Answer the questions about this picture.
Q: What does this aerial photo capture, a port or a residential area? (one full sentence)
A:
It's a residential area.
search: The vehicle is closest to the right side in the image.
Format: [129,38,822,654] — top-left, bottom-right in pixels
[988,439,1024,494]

################

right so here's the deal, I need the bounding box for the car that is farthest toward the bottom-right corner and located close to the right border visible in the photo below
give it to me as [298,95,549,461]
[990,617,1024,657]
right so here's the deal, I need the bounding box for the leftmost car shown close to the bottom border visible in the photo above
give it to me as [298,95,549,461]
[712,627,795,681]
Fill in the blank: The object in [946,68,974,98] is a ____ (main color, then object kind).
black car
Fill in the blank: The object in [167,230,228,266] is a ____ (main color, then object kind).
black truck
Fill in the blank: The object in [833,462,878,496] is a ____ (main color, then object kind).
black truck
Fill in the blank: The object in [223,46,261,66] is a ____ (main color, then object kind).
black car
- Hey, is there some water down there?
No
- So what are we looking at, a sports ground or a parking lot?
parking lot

################

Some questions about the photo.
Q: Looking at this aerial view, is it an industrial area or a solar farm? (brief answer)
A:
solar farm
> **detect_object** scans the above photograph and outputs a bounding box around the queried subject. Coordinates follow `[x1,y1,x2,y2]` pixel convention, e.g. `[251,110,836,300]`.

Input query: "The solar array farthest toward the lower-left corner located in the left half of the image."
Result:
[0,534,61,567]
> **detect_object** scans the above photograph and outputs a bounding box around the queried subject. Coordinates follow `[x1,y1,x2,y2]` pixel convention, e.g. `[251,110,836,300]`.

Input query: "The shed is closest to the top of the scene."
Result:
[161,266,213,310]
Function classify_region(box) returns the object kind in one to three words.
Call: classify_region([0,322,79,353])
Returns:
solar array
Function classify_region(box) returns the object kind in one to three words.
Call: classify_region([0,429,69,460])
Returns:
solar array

################

Check each line of the data above for the string "closest", and copy the ones that have it.

search: The vehicle is closest to the right side in the image.
Input query: "The shed is closest to the top of the scene."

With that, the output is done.